Субстратом метилирования ДНК является цитозин (метильных групп присоединяется к пятому атому кольца с
образованием 5mC 5-метилцитозину) в составе динуклеотид CpG (рис. 6.27). Вообще, в 70? 80% динуклеотидних контактов CpG оба цитозин является метилированных в эукариотических геномов. Зоны, где поддерживается деметилированных состояние CpG (CpG-островки, см. Раздел 4), часто расположены в промотора генов домашнего хозяйства? таких, которые являются активными независимо от специализации клеток. Паттерн тканеспецифической метилирования ДНК является результатом двух процессов: поддержание метилированных статуса после репликации и метилирования de novo.

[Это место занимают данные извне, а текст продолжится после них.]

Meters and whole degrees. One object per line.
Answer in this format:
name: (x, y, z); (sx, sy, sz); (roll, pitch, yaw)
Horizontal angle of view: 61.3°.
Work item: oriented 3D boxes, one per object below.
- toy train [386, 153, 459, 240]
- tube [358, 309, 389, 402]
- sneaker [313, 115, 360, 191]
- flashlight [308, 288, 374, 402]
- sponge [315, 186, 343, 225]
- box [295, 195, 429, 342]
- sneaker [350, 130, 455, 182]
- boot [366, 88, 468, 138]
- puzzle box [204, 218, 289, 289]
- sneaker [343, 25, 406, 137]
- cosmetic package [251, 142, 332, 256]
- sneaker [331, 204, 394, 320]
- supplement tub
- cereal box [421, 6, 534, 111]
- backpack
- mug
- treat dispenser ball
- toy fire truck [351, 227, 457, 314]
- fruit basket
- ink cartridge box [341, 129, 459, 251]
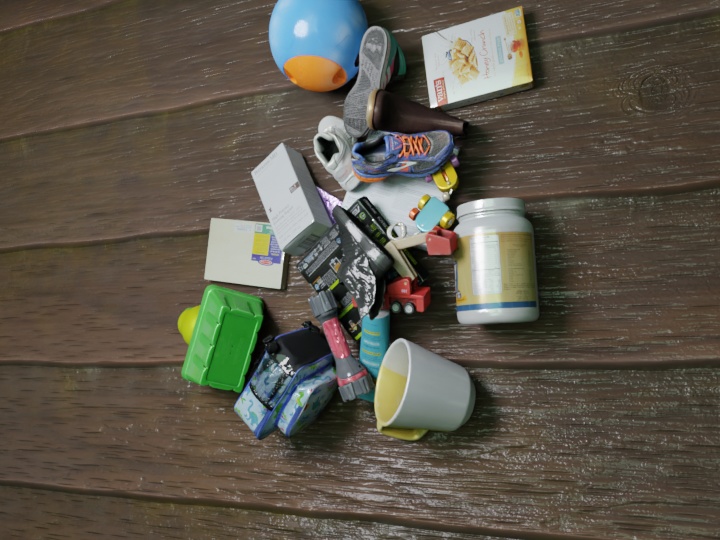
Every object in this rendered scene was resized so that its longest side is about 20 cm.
toy train: (0.111, -0.145, 1.113); (0.145, 0.056, 0.207); (-2, 73, 20)
tube: (0.026, 0.164, 1.150); (0.075, 0.050, 0.206); (15, 119, 26)
sneaker: (-0.053, -0.251, 1.185); (0.078, 0.098, 0.203); (-42, 44, 19)
flashlight: (-0.039, 0.137, 1.131); (0.066, 0.067, 0.205); (-24, 85, 28)
sponge: (-0.036, -0.073, 1.227); (0.197, 0.030, 0.114); (32, 97, 20)
box: (0.000, 0.000, 1.154); (0.194, 0.047, 0.200); (48, 118, 2)
sneaker: (0.070, -0.206, 1.072); (0.194, 0.078, 0.078); (-13, 70, 15)
boot: (0.107, -0.278, 1.097); (0.161, 0.199, 0.075); (12, 101, 19)
puzzle box: (-0.242, -0.037, 1.307); (0.194, 0.025, 0.138); (7, 88, 21)
sneaker: (0.030, -0.362, 1.182); (0.082, 0.120, 0.205); (25, 113, 19)
cosmetic package: (-0.140, -0.142, 1.225); (0.101, 0.073, 0.204); (-37, 63, 21)
sneaker: (-0.013, -0.018, 1.054); (0.105, 0.059, 0.200); (-50, 57, 13)
supplement tub: (0.233, -0.012, 1.057); (0.140, 0.144, 0.207); (-5, 84, 20)
cereal box: (0.219, -0.394, 1.147); (0.194, 0.039, 0.149); (-10, 82, 20)
backpack: (-0.138, 0.228, 1.164); (0.147, 0.182, 0.202); (43, 113, 15)
mug: (0.113, 0.219, 1.092); (0.149, 0.186, 0.154); (16, 68, -16)
treat dispenser ball: (-0.080, -0.455, 1.182); (0.194, 0.200, 0.208); (-2, 85, 20)
toy fire truck: (0.072, -0.001, 1.066); (0.194, 0.049, 0.146); (3, 108, 24)
fruit basket: (-0.299, 0.137, 1.276); (0.215, 0.152, 0.222); (-41, 41, 48)
ink cartridge box: (0.075, -0.160, 1.174); (0.194, 0.041, 0.205); (18, 80, 19)
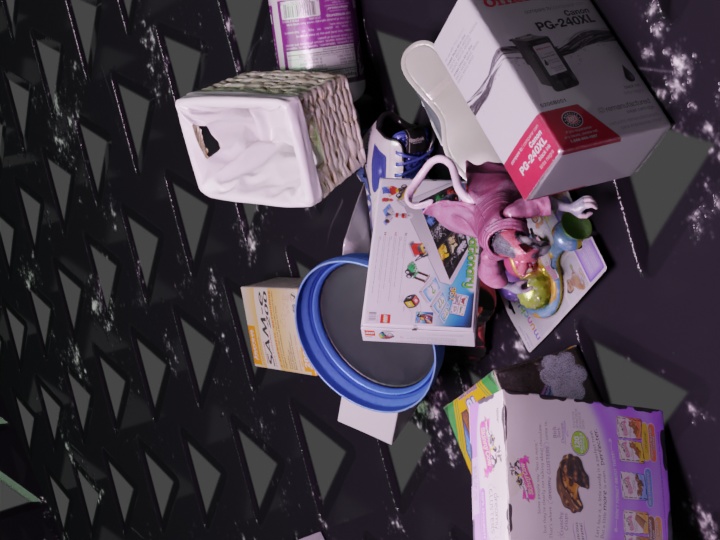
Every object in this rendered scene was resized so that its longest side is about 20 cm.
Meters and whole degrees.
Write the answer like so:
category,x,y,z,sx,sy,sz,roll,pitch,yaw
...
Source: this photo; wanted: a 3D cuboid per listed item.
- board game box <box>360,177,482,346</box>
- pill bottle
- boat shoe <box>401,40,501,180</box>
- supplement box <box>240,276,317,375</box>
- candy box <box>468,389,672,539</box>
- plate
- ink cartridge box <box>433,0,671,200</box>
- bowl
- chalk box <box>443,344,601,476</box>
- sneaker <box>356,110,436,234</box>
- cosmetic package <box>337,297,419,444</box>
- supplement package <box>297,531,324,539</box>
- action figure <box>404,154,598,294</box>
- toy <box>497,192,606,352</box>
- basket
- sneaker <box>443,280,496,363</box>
category,x,y,z,sx,sy,sz,roll,pitch,yaw
board game box,0.073,-0.012,1.509,0.035,0.124,0.202,81,-165,-57
pill bottle,-0.052,-0.270,1.717,0.112,0.111,0.203,11,111,58
boat shoe,0.116,-0.172,1.542,0.202,0.072,0.062,59,-170,16
supplement box,-0.094,0.079,1.973,0.199,0.073,0.128,0,101,60
candy box,0.209,0.217,1.342,0.071,0.197,0.170,-34,51,58
plate,0.000,0.000,1.728,0.200,0.032,0.202,-74,-8,-57
ink cartridge box,0.183,-0.182,1.314,0.202,0.144,0.084,62,148,22
bowl,0.013,0.072,1.599,0.198,0.039,0.203,18,125,27
chalk box,0.200,0.206,1.473,0.124,0.123,0.203,-43,64,57
sneaker,0.052,-0.110,1.636,0.202,0.080,0.115,67,151,19
cosmetic package,0.039,0.103,1.702,0.084,0.108,0.202,20,128,16
supplement package,-0.095,0.537,2.088,0.201,0.154,0.111,60,146,25
action figure,0.143,-0.060,1.386,0.135,0.148,0.200,-58,15,17
toy,0.188,0.000,1.481,0.116,0.047,0.200,66,148,21
basket,-0.106,-0.167,1.647,0.198,0.123,0.137,7,121,40
sneaker,0.124,0.041,1.609,0.201,0.073,0.088,108,170,-56

Поддерживающая ДНК метилтрансфераза (DNA methyltransferase, Dnmt) срабатывает в течение 1? 2 минуты после репликации: две дочерние молекулы ДНК содержат родительской цепь ДНК (с 5mС в составе CpG) и синтезированный цепь, где С не является метилированных. Dnmt узнает такие напивметильовани динуклеотидни контакты и восстанавливает симметрию относительно метилирования С. За счет этого процесса паттерн метилирования воспроизводится в дочерних клетках, что является, наряду с восстановлением модификаций гистонов, одним из важных механизмов эпигенетического наследования. Другие ДНК-метилтрансферазы осуществляют метилирования ДНК de novo.
Особенно важным этот процесс на ранних стадиях эмбрионального развития, когда ДНК является тотально деметилированного. В процессе дифференциации осуществляется массовое метилирования ДНК, который определяет специфическое отключение определенных групп генов в специализированных клетках. Кроме того, деметилирования возможно и в дифференцированных клетках, где Dnmt используются для восстановления метилированных статуса.

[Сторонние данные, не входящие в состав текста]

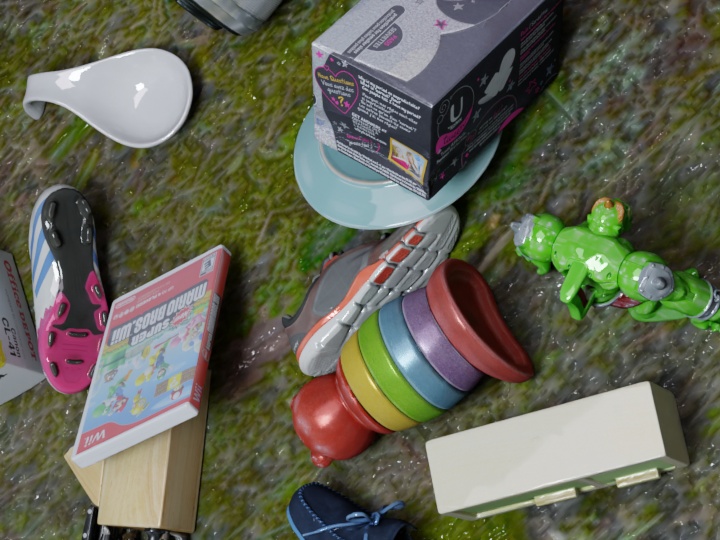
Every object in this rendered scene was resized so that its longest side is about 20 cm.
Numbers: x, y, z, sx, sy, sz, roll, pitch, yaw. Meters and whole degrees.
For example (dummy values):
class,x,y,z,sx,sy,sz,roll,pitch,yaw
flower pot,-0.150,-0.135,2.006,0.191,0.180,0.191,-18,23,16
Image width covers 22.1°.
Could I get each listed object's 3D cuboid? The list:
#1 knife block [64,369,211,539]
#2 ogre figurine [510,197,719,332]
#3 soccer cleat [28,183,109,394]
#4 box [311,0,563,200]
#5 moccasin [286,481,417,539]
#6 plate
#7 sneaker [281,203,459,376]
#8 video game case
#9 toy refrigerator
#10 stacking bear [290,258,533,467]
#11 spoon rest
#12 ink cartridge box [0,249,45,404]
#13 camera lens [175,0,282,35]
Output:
class,x,y,z,sx,sy,sz,roll,pitch,yaw
knife block,-0.182,0.206,1.682,0.200,0.064,0.176,-44,64,10
ogre figurine,0.205,-0.002,1.509,0.200,0.120,0.098,44,99,26
soccer cleat,-0.284,0.017,1.781,0.086,0.069,0.201,-177,86,-67
box,0.066,-0.182,1.563,0.132,0.115,0.200,30,54,24
moccasin,0.028,0.236,1.565,0.200,0.080,0.068,34,125,17
plate,0.029,-0.126,1.638,0.199,0.026,0.201,-12,53,16
sneaker,0.000,0.000,1.637,0.200,0.077,0.082,-45,56,9
video game case,-0.188,0.076,1.671,0.143,0.017,0.201,-26,36,29
toy refrigerator,0.163,0.154,1.520,0.199,0.076,0.070,-18,71,21
stacking bear,0.028,0.091,1.586,0.200,0.114,0.122,-37,65,19
spoon rest,-0.252,-0.170,1.802,0.199,0.061,0.100,4,80,27
ink cartridge box,-0.399,0.038,1.748,0.085,0.200,0.148,-27,68,17
camera lens,-0.109,-0.333,1.713,0.200,0.160,0.160,-49,63,8
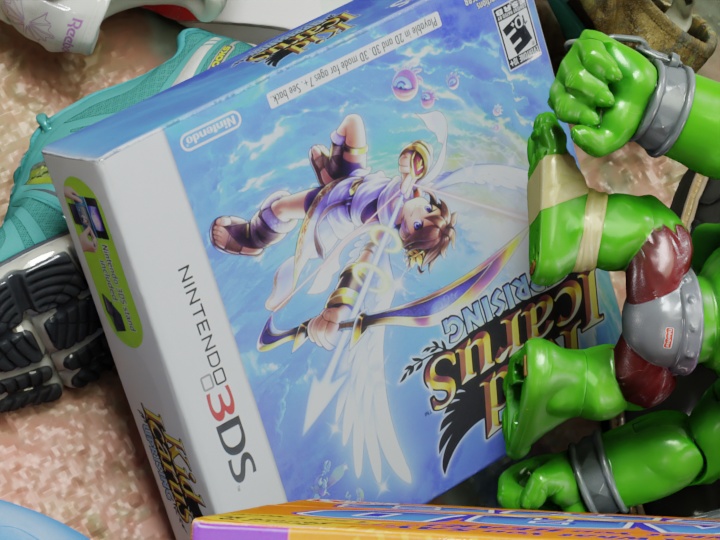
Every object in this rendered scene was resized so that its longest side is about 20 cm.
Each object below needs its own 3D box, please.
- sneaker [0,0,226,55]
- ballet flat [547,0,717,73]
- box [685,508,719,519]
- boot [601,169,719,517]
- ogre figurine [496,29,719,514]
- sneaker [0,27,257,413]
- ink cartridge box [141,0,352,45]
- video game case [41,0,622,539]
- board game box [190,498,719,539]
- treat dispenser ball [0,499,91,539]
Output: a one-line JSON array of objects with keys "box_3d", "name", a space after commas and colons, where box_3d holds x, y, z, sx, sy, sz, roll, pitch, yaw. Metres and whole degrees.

Итак, метилирования ДНК является признаком репрессированных и гетерохроматинового участков. Привлечение 5mС в репрессиях связано с наличием в составе определенных белков особых структурных модулей? MBD (Methyl Binding Domain), которые имеют специфическую сродство к метилированных динуклеотид CpG. Белки, содержащие MBD, являются компонентами различных репрессирующей комплексов. В частности, такие белки рекрутируют в метилированных участков хроматина гистона-деацетилазы. С другой стороны, деацетильований состояние гистоновых хвостов блокирует деметилюючи активности, и наоборот? ацетилирования хвостов может вызвать деметилирования ДНК в активных участках.
Аналогично, белки, содержащие MBD, рекрутируют гистона-метилтрансферазу, которая осуществляет метилирования Lys9 гистона Н3, что приводит к репрессии (рис. 6.25, 6.26). И наоборот: Me-Lys9 узнается белком, содержащим хромодомен и рекрутирует ДНК метилтрансферазу.
Хотя Me-Lys9 и 5mС являются общими маркерами конститутивно репрессированных участков хроматина, не всегда репрессия и дополнительная компактизации зависит от НР1 реализуются также другие системы, большинство из которых еще не достаточно изучены. Примером такой системы является инактивация одной из Х-хромосом в клетках самок млекопитающих. В составе Х-хромосомы, которая будет инактивированной (выбирается случайно на ранних стадиях развития), срабатывает ген Xist, что продуцирует большое некодирующие молекулу РНК. Эти РНК укрывают собой хромосому и взаимодействуют с некоторыми белками, среди которых? вариант гистона Н2А macroH2A. Вероятно, macroH2A рекрутирует гистона-метилтрансферазу (осуществляется метилирования Lys9 гистона Н3) и гистона-деацетилазу. Метилирование Lys9, в свою очередь, приводит метилирования ДНК (что обеспечивает эпигенетические наследственность). Кроме того, в Х-хромосомы рекрутируются структурные компактизуючи белки (но не НР1).